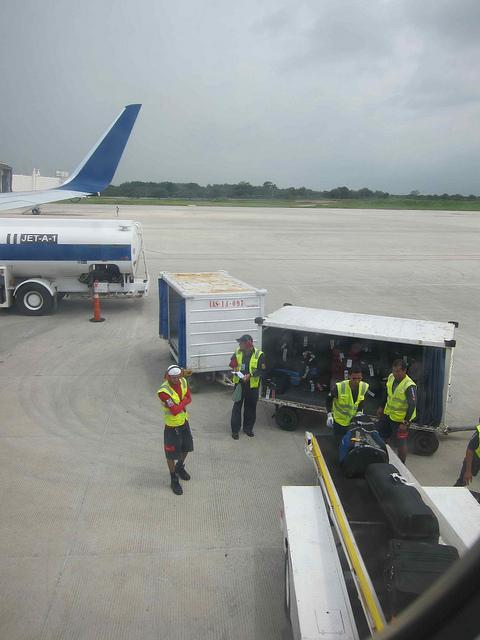What are they doing with the luggage?

Choices:
A) unloading
B) selling
C) stealing
D) loading unloading

* * * * * * *

### Problem details:
Produce a word-for-word version of the material, with no pictures included.

### Answer to this exercise:
What are they doing with the luggage?

Choices:
A) unloading
B) selling
C) stealing
D) loading unloading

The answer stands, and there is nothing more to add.